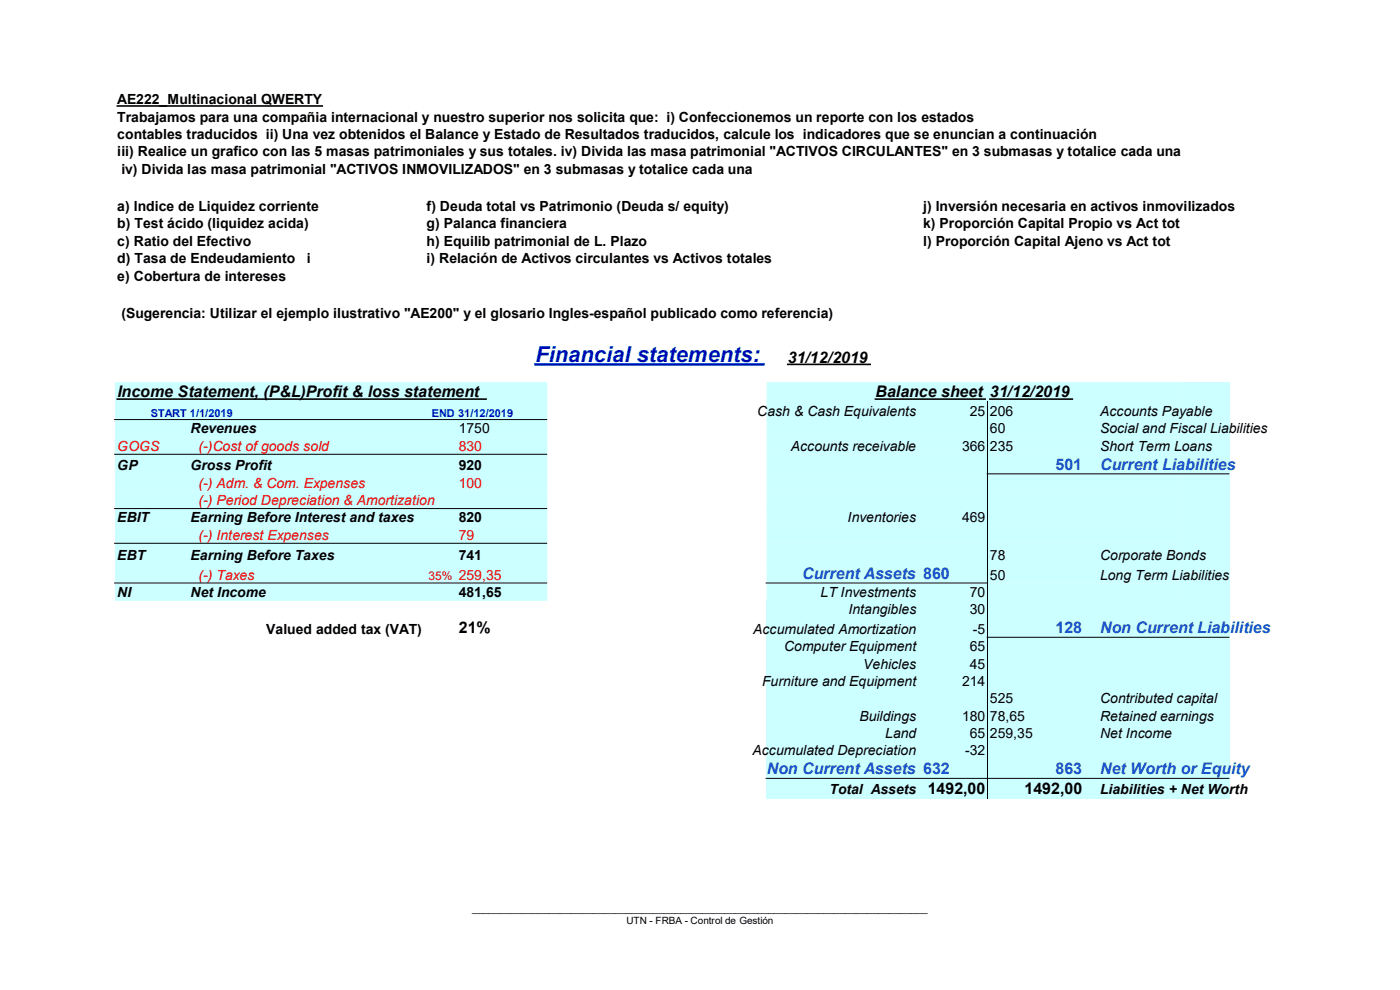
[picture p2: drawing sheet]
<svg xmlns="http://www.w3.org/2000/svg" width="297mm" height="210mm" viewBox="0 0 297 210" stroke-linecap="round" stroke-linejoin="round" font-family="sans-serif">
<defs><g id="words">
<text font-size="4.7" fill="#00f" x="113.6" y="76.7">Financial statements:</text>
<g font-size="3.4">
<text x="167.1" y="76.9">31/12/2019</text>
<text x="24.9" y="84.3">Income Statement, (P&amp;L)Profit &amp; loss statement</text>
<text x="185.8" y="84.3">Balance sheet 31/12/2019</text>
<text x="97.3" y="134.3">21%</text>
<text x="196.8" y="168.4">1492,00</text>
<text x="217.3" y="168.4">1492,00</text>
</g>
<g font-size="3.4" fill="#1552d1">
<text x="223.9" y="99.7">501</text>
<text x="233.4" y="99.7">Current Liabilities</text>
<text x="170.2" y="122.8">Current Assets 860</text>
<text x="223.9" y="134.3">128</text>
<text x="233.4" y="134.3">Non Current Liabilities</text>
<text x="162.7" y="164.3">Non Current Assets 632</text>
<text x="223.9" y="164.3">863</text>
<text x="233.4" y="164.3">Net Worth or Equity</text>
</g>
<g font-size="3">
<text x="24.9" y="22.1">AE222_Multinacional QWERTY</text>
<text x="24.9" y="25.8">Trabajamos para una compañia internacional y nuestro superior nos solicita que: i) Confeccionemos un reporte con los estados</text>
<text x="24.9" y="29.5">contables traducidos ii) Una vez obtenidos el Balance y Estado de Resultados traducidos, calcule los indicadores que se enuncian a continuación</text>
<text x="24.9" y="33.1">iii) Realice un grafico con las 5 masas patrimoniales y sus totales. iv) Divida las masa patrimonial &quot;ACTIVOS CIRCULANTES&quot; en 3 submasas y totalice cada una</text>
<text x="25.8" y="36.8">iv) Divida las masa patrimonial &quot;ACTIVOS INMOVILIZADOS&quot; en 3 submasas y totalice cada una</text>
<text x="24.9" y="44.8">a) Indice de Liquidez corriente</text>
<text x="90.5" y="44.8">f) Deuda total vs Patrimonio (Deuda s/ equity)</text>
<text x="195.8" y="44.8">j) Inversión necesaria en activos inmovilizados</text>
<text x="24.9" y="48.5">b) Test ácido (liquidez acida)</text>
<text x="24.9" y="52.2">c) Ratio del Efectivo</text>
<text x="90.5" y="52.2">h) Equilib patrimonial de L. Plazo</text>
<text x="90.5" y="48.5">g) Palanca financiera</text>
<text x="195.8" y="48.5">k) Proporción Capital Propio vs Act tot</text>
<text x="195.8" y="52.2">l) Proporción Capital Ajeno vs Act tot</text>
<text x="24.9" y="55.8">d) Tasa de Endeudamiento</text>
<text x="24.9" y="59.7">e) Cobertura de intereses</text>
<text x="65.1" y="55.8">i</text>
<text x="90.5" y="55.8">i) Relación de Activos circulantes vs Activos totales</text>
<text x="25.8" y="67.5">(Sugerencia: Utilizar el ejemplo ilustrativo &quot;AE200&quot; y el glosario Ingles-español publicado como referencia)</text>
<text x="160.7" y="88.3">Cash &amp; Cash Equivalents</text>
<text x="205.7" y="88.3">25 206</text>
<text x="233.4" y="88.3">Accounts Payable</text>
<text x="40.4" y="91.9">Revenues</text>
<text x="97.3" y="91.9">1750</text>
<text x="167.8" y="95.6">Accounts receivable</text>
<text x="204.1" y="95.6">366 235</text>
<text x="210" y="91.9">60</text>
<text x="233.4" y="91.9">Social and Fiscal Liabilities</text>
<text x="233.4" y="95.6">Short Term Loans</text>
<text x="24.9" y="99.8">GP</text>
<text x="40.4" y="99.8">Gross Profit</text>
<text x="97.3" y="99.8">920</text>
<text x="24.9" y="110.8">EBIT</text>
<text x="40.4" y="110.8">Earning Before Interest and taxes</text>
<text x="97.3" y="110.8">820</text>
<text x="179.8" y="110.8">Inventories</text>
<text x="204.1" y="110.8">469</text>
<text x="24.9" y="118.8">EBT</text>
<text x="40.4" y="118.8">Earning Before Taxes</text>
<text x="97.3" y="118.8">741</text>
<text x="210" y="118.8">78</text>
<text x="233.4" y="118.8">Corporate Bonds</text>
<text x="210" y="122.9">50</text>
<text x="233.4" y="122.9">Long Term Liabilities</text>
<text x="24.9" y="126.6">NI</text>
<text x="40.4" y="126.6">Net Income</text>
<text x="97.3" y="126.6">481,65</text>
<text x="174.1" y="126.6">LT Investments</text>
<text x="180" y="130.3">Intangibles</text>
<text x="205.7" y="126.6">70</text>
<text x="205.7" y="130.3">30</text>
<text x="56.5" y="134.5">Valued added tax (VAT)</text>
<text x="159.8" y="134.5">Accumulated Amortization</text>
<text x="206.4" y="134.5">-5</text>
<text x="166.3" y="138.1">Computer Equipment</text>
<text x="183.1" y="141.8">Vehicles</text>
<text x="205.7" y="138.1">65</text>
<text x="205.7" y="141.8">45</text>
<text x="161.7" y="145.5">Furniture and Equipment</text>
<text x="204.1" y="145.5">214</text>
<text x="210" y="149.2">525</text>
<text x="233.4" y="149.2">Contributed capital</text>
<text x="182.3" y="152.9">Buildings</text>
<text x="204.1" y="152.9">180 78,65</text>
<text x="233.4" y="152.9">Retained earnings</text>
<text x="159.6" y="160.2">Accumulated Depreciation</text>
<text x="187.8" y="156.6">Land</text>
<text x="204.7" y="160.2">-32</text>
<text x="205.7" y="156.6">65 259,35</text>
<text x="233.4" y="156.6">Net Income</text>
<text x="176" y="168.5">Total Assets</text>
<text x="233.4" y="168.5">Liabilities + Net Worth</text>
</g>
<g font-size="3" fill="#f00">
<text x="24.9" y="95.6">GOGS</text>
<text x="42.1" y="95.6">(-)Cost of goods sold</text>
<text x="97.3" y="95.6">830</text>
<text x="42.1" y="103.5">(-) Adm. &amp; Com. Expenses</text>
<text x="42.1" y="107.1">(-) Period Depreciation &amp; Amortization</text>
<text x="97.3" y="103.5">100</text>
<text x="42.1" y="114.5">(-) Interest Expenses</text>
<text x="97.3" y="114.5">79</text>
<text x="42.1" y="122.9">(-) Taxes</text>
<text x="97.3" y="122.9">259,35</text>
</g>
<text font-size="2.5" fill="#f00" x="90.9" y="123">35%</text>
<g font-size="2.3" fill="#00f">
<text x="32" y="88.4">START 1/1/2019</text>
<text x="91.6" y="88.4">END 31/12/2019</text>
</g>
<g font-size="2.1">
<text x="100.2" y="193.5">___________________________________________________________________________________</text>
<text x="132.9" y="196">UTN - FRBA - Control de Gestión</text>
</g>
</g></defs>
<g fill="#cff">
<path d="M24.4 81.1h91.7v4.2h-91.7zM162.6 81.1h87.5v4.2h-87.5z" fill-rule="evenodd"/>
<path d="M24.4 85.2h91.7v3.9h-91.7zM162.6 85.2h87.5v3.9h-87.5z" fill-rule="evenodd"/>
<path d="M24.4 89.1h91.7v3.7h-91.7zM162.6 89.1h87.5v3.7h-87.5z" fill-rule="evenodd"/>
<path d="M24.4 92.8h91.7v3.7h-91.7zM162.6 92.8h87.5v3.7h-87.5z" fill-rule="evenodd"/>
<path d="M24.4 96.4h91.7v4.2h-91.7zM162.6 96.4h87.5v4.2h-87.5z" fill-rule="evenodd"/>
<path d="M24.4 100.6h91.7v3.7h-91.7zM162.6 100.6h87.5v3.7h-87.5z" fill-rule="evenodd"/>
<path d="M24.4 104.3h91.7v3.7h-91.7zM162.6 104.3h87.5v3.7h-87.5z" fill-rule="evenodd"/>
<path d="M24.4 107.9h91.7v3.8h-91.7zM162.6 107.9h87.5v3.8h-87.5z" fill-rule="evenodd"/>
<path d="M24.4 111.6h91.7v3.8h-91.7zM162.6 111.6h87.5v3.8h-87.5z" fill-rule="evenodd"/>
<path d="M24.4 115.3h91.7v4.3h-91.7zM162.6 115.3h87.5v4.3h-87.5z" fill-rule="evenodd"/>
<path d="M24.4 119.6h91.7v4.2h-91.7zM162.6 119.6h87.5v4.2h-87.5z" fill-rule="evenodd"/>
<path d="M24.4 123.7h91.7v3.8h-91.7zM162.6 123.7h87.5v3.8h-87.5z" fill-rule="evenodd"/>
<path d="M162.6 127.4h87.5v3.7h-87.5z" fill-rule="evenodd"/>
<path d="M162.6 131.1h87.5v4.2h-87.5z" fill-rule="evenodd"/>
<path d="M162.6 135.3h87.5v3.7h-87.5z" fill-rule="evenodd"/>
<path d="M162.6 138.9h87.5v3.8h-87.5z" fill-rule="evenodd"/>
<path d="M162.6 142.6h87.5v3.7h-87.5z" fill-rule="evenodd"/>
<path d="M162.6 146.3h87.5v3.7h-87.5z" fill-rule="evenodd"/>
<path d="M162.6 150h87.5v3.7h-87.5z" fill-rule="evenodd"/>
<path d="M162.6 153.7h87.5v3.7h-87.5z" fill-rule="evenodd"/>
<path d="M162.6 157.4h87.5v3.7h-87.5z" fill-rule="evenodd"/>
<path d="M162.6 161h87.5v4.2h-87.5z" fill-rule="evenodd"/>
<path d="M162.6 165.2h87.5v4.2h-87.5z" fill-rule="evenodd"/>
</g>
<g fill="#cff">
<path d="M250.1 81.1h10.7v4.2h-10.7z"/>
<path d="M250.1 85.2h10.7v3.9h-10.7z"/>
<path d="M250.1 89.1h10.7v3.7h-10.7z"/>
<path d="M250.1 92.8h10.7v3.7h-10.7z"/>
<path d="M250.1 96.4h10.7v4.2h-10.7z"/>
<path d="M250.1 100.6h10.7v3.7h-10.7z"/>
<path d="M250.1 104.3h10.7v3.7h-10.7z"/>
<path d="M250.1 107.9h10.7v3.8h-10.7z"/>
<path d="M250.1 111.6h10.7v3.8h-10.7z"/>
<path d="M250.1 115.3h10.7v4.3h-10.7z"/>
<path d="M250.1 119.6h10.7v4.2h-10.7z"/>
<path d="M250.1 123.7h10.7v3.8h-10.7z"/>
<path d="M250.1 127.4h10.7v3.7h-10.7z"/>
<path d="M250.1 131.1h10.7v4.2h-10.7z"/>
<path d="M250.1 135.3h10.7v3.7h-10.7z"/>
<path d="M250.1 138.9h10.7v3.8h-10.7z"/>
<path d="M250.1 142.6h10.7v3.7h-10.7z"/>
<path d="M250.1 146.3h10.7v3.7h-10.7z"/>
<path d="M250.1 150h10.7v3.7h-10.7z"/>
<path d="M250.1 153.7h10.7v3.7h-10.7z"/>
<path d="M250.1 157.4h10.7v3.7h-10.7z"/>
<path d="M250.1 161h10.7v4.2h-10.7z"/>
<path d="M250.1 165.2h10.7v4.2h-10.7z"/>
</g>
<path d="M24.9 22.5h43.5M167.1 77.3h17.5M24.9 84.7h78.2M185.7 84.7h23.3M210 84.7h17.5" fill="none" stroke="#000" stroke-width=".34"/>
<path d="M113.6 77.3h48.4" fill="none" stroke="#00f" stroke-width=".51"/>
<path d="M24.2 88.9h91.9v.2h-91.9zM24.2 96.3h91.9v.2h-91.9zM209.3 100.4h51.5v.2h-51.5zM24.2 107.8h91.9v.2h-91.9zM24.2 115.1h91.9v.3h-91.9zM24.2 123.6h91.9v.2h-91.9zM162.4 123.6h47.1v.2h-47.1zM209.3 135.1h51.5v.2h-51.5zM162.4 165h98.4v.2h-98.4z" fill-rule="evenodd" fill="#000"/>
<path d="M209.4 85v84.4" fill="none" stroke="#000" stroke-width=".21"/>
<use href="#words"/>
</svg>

**ABOUT THIS EXERCISE**
If a line in the material above contains the word "quot", it counts; give only the number of such lines.

**REPLY**
3